[Dataset records — start]

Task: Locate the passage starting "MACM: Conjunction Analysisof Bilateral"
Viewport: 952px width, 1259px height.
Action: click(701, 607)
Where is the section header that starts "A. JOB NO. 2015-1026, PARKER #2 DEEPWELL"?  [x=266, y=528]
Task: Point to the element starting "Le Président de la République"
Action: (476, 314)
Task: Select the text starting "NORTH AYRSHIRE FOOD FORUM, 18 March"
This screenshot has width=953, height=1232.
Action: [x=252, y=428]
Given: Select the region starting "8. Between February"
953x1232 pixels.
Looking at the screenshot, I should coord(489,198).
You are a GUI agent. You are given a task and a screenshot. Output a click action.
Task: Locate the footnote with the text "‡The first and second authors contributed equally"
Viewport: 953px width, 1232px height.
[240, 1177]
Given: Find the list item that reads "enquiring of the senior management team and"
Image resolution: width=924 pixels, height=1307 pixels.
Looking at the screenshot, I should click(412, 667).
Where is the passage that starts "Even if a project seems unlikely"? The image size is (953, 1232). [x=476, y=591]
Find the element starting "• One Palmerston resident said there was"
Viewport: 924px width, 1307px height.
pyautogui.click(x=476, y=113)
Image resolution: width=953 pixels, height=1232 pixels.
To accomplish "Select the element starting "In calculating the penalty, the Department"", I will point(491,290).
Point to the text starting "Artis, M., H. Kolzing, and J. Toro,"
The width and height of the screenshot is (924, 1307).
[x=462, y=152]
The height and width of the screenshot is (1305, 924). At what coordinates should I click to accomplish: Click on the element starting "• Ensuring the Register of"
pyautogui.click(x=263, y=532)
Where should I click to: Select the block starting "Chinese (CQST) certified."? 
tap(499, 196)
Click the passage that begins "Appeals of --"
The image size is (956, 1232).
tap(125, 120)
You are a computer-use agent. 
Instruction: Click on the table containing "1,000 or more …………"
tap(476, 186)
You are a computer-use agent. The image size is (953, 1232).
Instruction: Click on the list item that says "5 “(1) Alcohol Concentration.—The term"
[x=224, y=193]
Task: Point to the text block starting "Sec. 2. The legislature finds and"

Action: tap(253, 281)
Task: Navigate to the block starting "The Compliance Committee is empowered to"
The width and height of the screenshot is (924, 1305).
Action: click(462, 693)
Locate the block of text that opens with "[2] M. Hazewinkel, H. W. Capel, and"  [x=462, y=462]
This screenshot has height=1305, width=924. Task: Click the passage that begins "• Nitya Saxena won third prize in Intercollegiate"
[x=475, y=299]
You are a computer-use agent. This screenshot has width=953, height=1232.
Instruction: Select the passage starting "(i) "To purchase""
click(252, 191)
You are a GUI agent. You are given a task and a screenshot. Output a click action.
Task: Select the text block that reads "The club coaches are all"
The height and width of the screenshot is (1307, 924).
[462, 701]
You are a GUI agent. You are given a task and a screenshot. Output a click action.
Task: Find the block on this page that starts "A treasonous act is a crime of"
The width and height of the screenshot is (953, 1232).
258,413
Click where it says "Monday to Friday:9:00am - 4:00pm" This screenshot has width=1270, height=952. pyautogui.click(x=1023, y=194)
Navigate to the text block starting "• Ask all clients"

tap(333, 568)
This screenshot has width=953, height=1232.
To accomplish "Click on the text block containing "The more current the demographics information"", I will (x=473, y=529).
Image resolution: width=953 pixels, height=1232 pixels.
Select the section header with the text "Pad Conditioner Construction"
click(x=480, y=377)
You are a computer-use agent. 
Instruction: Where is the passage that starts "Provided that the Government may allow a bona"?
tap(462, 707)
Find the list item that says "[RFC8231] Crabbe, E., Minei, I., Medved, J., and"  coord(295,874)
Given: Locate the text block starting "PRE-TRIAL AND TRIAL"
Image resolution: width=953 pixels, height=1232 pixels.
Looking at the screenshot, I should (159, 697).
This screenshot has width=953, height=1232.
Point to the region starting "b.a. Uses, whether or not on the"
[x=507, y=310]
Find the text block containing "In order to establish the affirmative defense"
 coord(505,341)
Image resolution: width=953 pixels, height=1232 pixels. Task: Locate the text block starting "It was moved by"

[Dataset records — finish]

Work item. Write out the whole listing again, exactly as it stands.

Task result.
Task: Locate the passage starting "MACM: Conjunction Analysisof Bilateral"
Viewport: 952px width, 1259px height.
Action: click(701, 607)
Where is the section header that starts "A. JOB NO. 2015-1026, PARKER #2 DEEPWELL"?  [x=266, y=528]
Task: Point to the element starting "Le Président de la République"
Action: (476, 314)
Task: Select the text starting "NORTH AYRSHIRE FOOD FORUM, 18 March"
This screenshot has width=953, height=1232.
Action: [x=252, y=428]
Given: Select the region starting "8. Between February"
953x1232 pixels.
Looking at the screenshot, I should coord(489,198).
You are a GUI agent. You are given a task and a screenshot. Output a click action.
Task: Locate the footnote with the text "‡The first and second authors contributed equally"
Viewport: 953px width, 1232px height.
[240, 1177]
Given: Find the list item that reads "enquiring of the senior management team and"
Image resolution: width=924 pixels, height=1307 pixels.
Looking at the screenshot, I should click(412, 667).
Where is the passage that starts "Even if a project seems unlikely"? The image size is (953, 1232). [x=476, y=591]
Find the element starting "• One Palmerston resident said there was"
Viewport: 924px width, 1307px height.
pyautogui.click(x=476, y=113)
Image resolution: width=953 pixels, height=1232 pixels.
To accomplish "Select the element starting "In calculating the penalty, the Department"", I will point(491,290).
Point to the text starting "Artis, M., H. Kolzing, and J. Toro,"
The width and height of the screenshot is (924, 1307).
[x=462, y=152]
The height and width of the screenshot is (1305, 924). At what coordinates should I click to accomplish: Click on the element starting "• Ensuring the Register of"
pyautogui.click(x=263, y=532)
Where should I click to: Select the block starting "Chinese (CQST) certified."? 
tap(499, 196)
Click the passage that begins "Appeals of --"
The image size is (956, 1232).
tap(125, 120)
You are a computer-use agent. 
Instruction: Click on the table containing "1,000 or more …………"
tap(476, 186)
You are a computer-use agent. The image size is (953, 1232).
Instruction: Click on the list item that says "5 “(1) Alcohol Concentration.—The term"
[x=224, y=193]
Task: Point to the text block starting "Sec. 2. The legislature finds and"

Action: tap(253, 281)
Task: Navigate to the block starting "The Compliance Committee is empowered to"
The width and height of the screenshot is (924, 1305).
Action: click(462, 693)
Locate the block of text that opens with "[2] M. Hazewinkel, H. W. Capel, and"  [x=462, y=462]
This screenshot has height=1305, width=924. Task: Click the passage that begins "• Nitya Saxena won third prize in Intercollegiate"
[x=475, y=299]
You are a computer-use agent. This screenshot has width=953, height=1232.
Instruction: Select the passage starting "(i) "To purchase""
click(252, 191)
You are a GUI agent. You are given a task and a screenshot. Output a click action.
Task: Select the text block that reads "The club coaches are all"
The height and width of the screenshot is (1307, 924).
[462, 701]
You are a GUI agent. You are given a task and a screenshot. Output a click action.
Task: Find the block on this page that starts "A treasonous act is a crime of"
The width and height of the screenshot is (953, 1232).
258,413
Click where it says "Monday to Friday:9:00am - 4:00pm" This screenshot has width=1270, height=952. pyautogui.click(x=1023, y=194)
Navigate to the text block starting "• Ask all clients"

tap(333, 568)
This screenshot has width=953, height=1232.
To accomplish "Click on the text block containing "The more current the demographics information"", I will (x=473, y=529).
Image resolution: width=953 pixels, height=1232 pixels.
Select the section header with the text "Pad Conditioner Construction"
click(x=480, y=377)
You are a computer-use agent. 
Instruction: Where is the passage that starts "Provided that the Government may allow a bona"?
tap(462, 707)
Find the list item that says "[RFC8231] Crabbe, E., Minei, I., Medved, J., and"  coord(295,874)
Given: Locate the text block starting "PRE-TRIAL AND TRIAL"
Image resolution: width=953 pixels, height=1232 pixels.
Looking at the screenshot, I should (159, 697).
This screenshot has width=953, height=1232.
Point to the region starting "b.a. Uses, whether or not on the"
[x=507, y=310]
Find the text block containing "In order to establish the affirmative defense"
 coord(505,341)
Image resolution: width=953 pixels, height=1232 pixels. Task: Locate the text block starting "It was moved by"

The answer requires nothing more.